*REQUIRED WORK*
Across the listing that follows, establish how many lines contain the string "StObject" and provide that number by itself.

*** Begin section ***

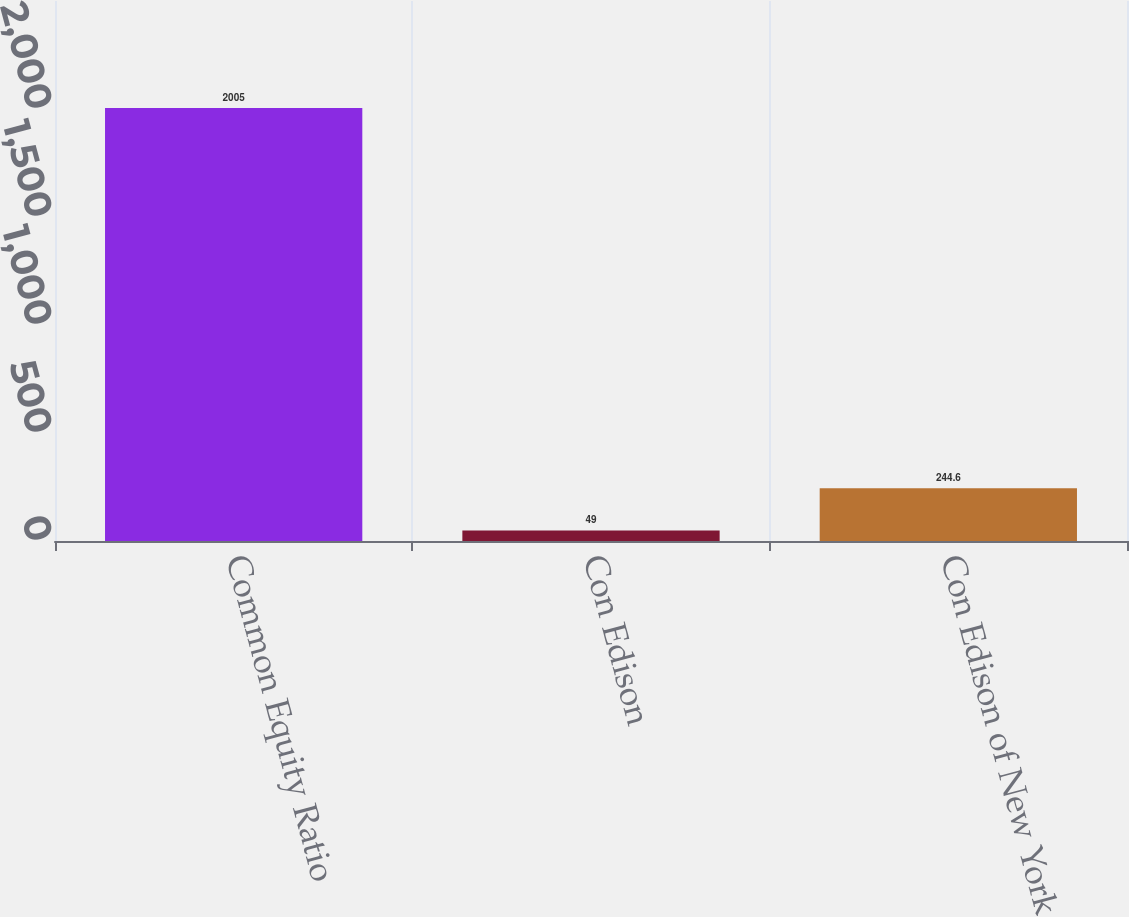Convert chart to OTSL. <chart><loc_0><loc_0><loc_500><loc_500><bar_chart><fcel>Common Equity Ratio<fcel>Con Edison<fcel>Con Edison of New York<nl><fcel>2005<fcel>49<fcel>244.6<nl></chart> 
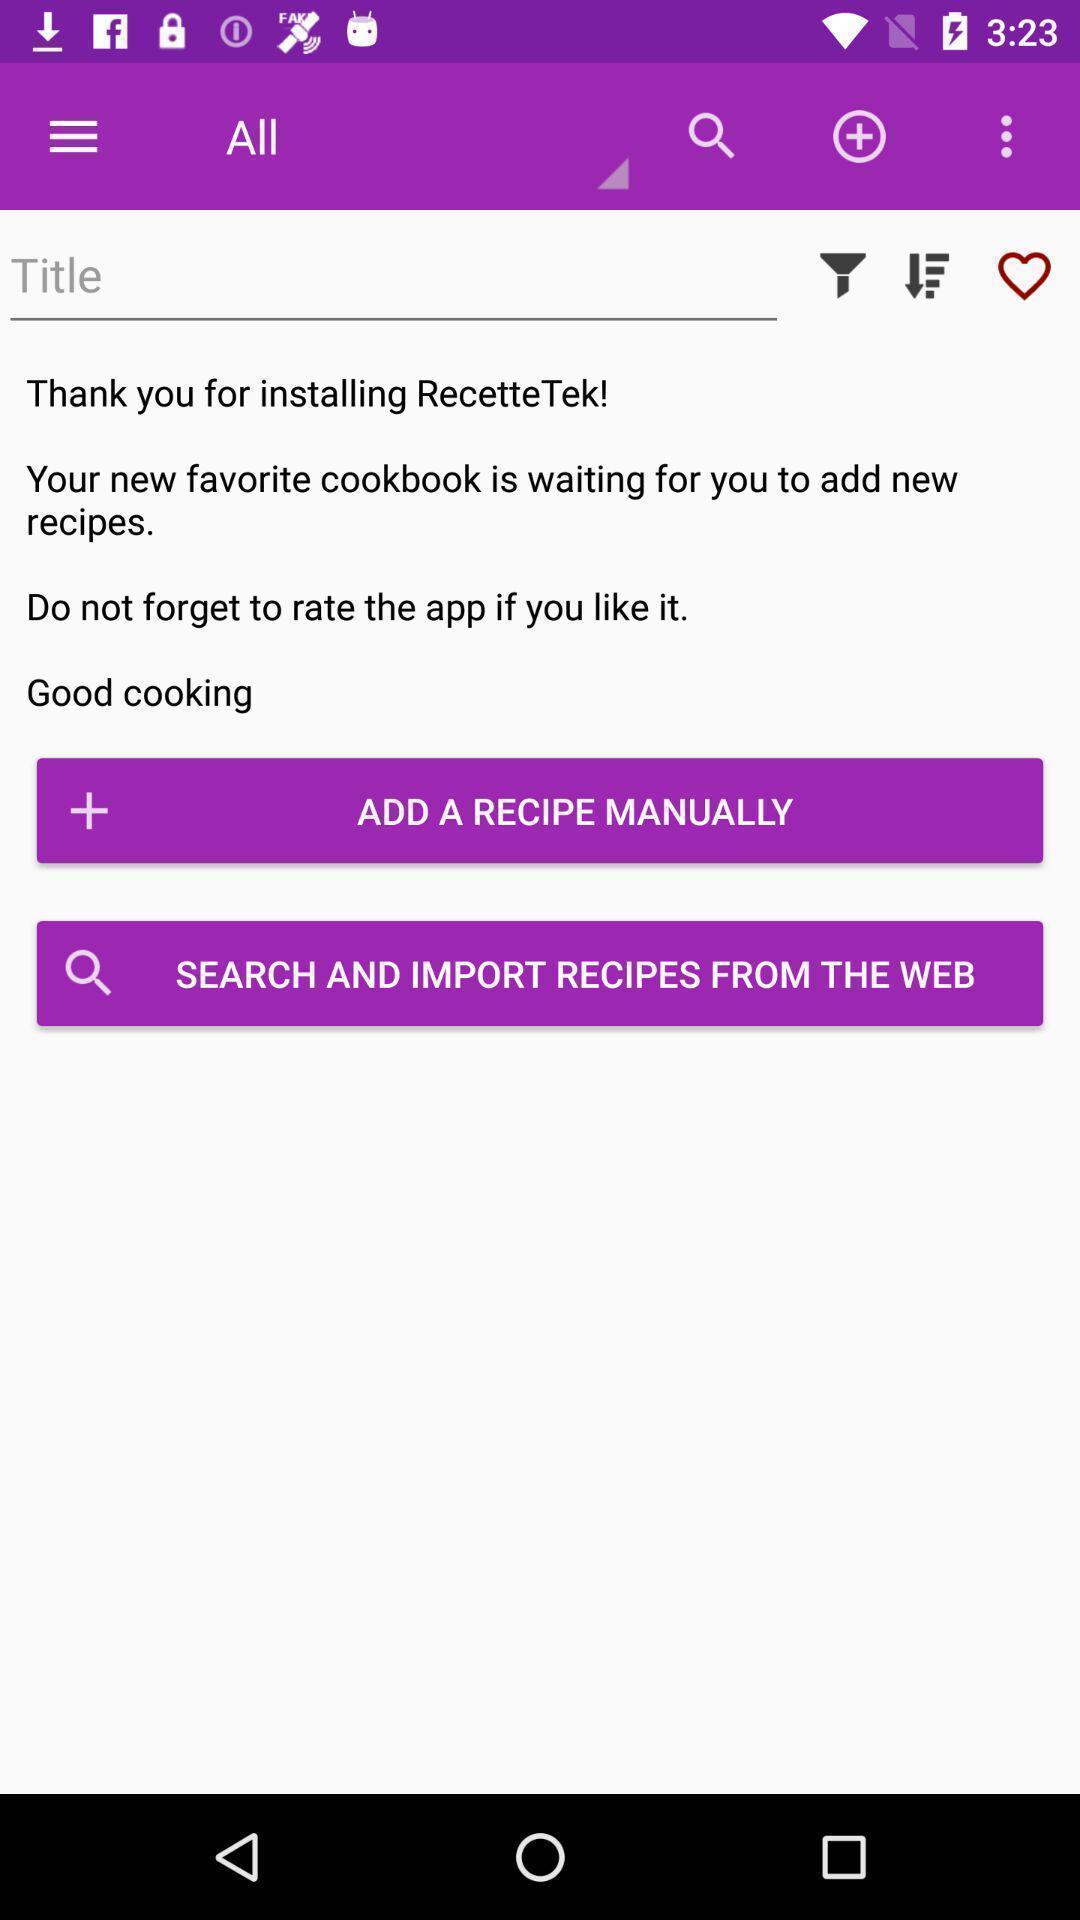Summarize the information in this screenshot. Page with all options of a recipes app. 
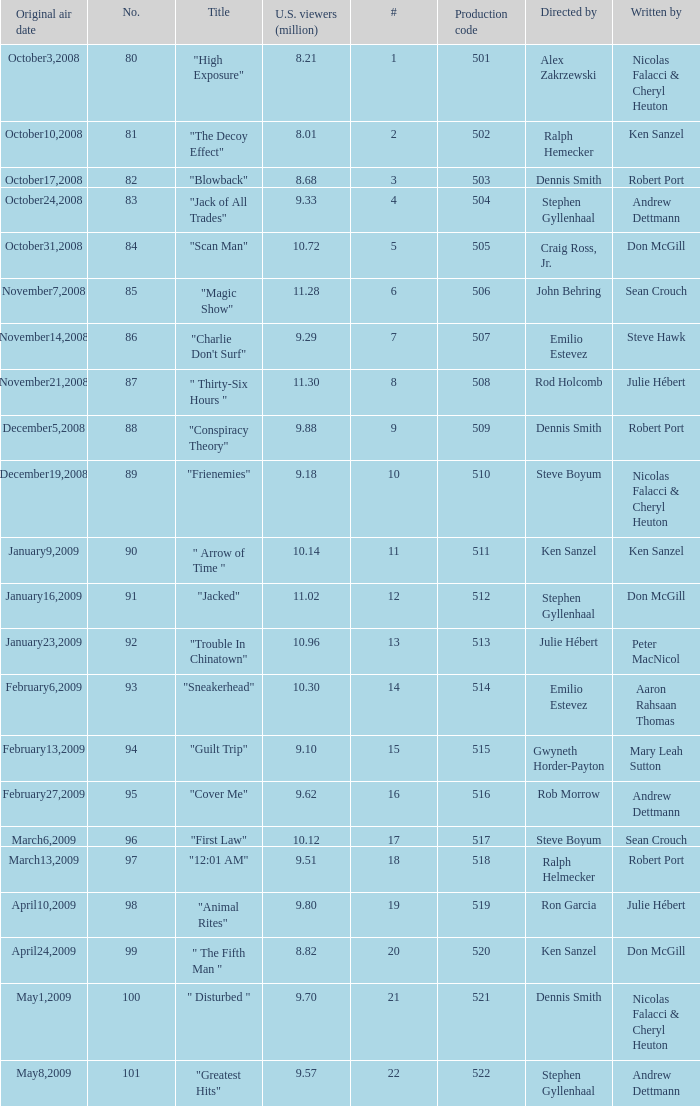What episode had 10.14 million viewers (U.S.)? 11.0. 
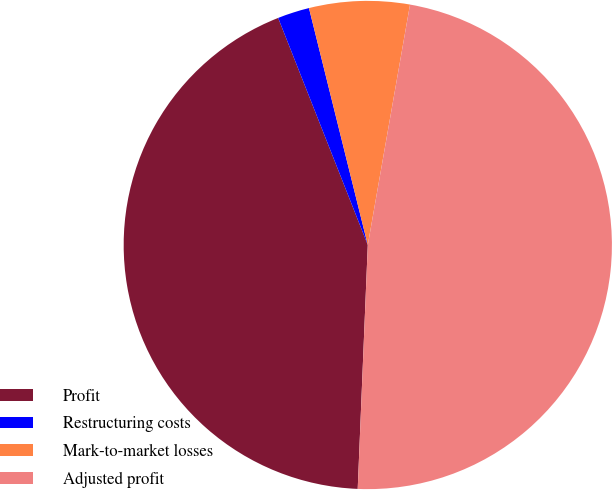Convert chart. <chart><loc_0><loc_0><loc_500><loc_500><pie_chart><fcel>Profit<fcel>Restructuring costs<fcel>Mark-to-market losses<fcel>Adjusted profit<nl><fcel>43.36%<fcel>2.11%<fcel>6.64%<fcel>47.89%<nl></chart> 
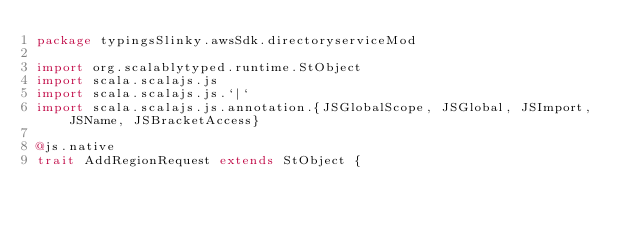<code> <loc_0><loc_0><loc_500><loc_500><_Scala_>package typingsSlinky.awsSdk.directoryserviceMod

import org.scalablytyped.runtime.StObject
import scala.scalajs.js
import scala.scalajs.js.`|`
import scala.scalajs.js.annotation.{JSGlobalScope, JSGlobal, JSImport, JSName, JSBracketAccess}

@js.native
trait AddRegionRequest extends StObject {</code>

*** End section ***

*SOLUTION*
2